A good breeder doesn’t re-home oldies
Because his dogs are his family! The place of a retired dog is the living room, where he can relax and assists with the education of the youngsters. BEWARE of breeders that only have young dogs, always ask to see the oldies. Oldies are also a living warranty of the health of the bloodlines.
A good breeder asks a zillion questions and is always ready to take back a dog of his breeding
He screens possible families for the sake of his puppies because the wellbeing of his puppies is his first priority. Sincere breeders will be a bit hesitant to sell you a puppy until they know more about you, what you are looking for in a dog, and what lifestyle you have in mind for your dog. Having the best interest of the puppy at heart, reputable breeders will take great pains to place puppies properly the first time around. A returned puppy is a traumatic experience for all concerned, so the breeder who is always willing to accept a puppy back will try to make certain that a Golden is the breed for you. If you feel under the great inquisition it’s a good thing!
A good breeder educates the new owner on the breed and on how to manage the puppy
He provides instructions on feeding, training and care; he is always available for advice and support and loves to hear about the life of the dogs he bred.
A good breeder welcomes visitors and the opportunity to be compared to other breeders
He is able to show a clean environment; healthy, well-socialized puppies, adults and oldies, a healthy dam and sire with good temperaments. Should the sire belong to a different person, the breeder still provides the health clearances of the stud dog and all the info pertaining to the stud dog’s kennel. You should avoid:
a) shy, whimpering, fearful puppies
b) puppies with dull coats, crusty or running eyes, signs of diarrhea, rashes or sores on their abdomens
c) signs of neglect, such as lack of water, pans of uneaten food, and dirty conditions
d) a breeder who will sell a puppy under seven weeks of age, as early separation from the dam and littermates can be very detrimental both psychologically and physically.
A good breeder gives you references
He provides the names of people who have purchased puppies in the past, the names of other breeders, and the veterinarian who provides care for the breeder's dogs.
A good breeder provide a written contract and/or conditions of sale and a health certificate
The contract should be absolutely explicit and a signed copy should be provided to each party.

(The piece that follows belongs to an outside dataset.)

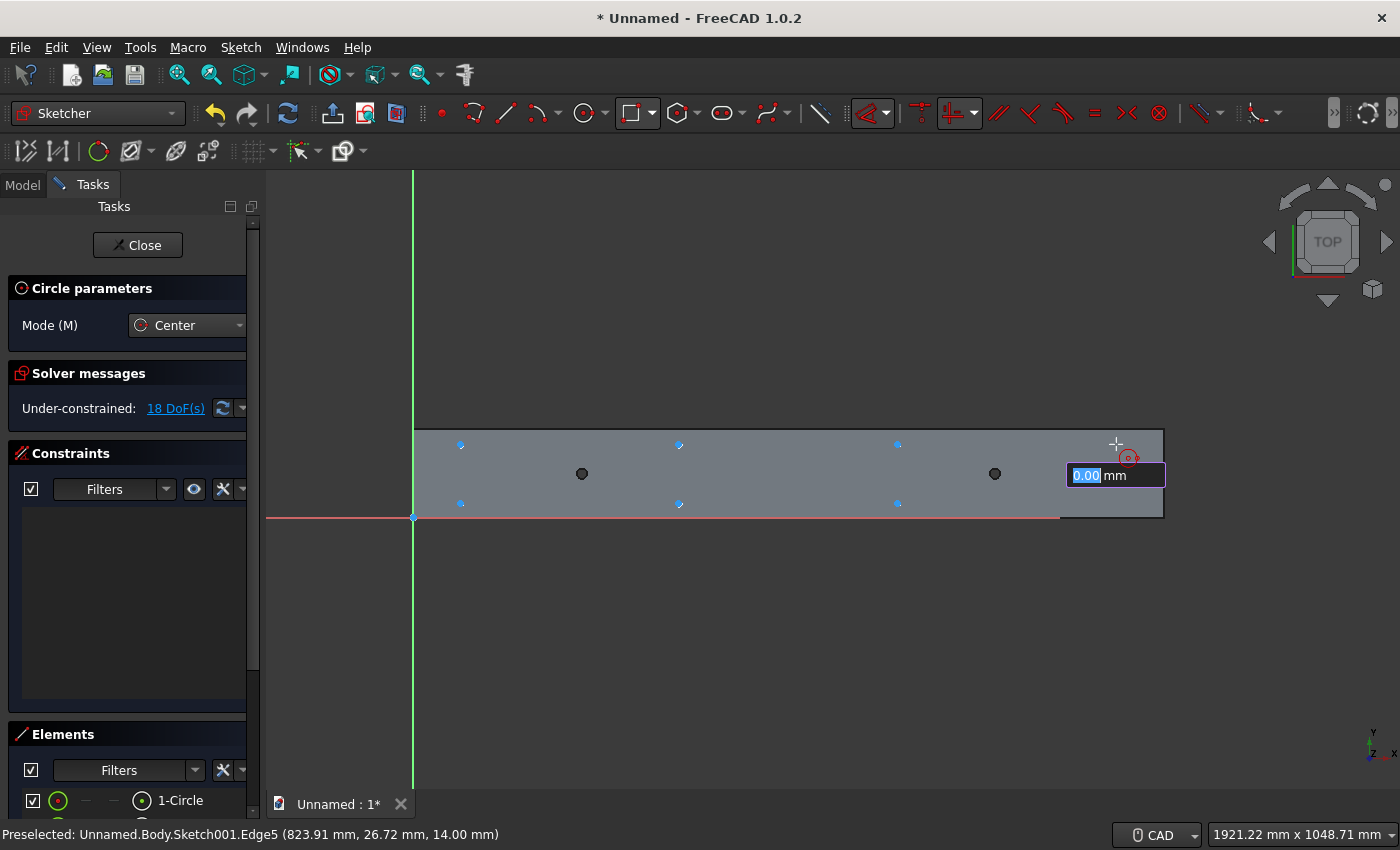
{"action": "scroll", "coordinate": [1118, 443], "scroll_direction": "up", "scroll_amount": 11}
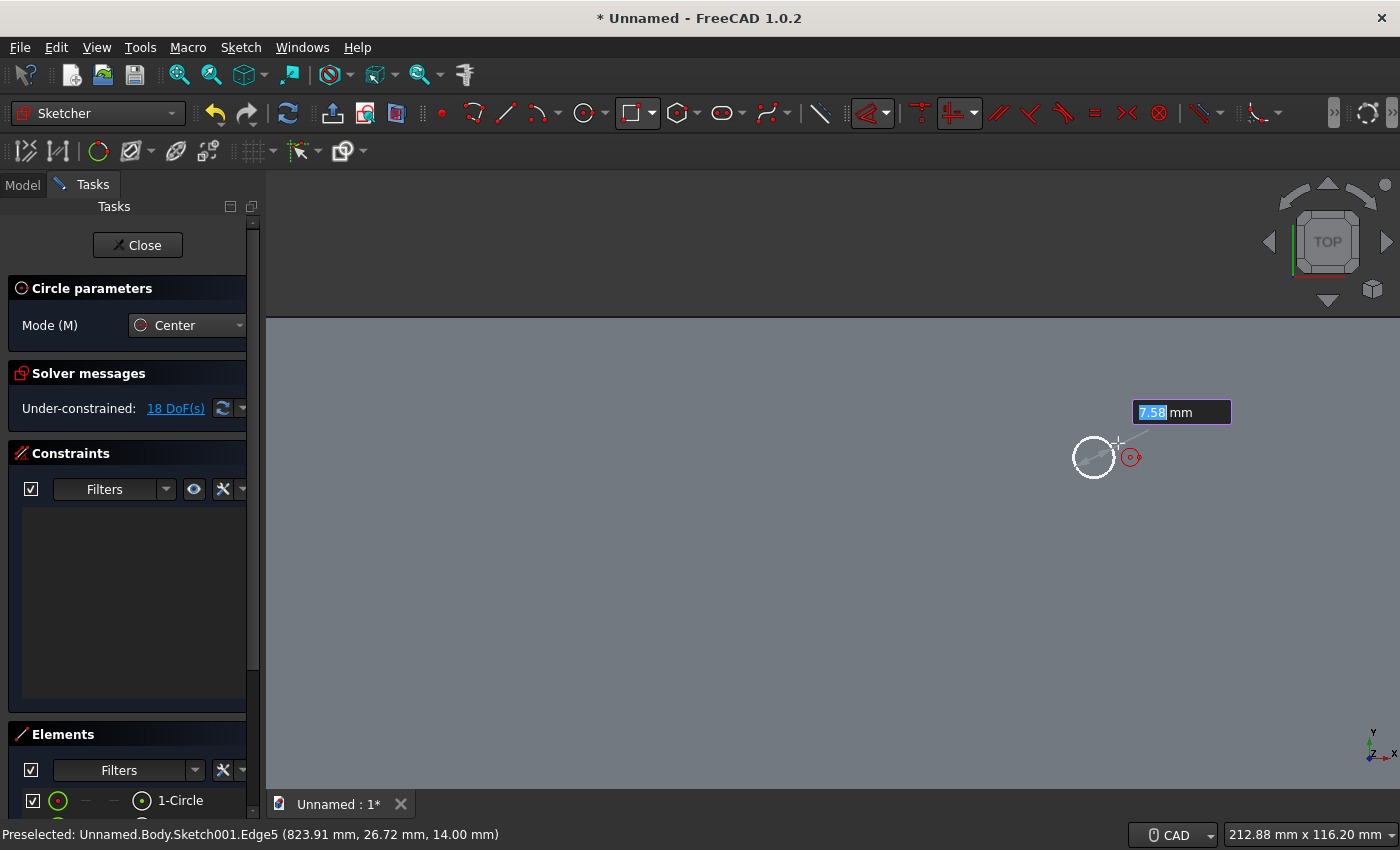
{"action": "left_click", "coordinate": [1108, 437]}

BEWARE of breeders that can guarantee freedom of health conditions throughout the life of the dog, such a thing CAN’T be guaranteed; breeders are only humans not God.
* “Breeders” that have first, second, third and last choices and sell littermates for different prices.
* ”Breeders” that charge a higher price for the pedigree.
* “Breeders” that sell puppies with pedigrees and puppies without for a lower price. IT’S ILLEGAL!!
* “Breeders” that ask for astronomic prices for puppies.
* “Breeders” that claims their puppies are rare cream English Goldens.
THERE’S NOT SUCH A THING!! The Golden Retriever is ONE breed only, with different types. There is nothing rare or difficult to get. If there must be a difference in price, it should be motivated by the accomplishments of the parents, not certainly on a false rarity claim!
A good breeder doesn’t sell his puppies to a pet shop, nor he ships them, nor he sells through a third party
A good breeder always list detailed information about his dogs on his website. BEWARE of websites where the dog appears only with his family name, and neither the clerances nor the full pedigree are listed!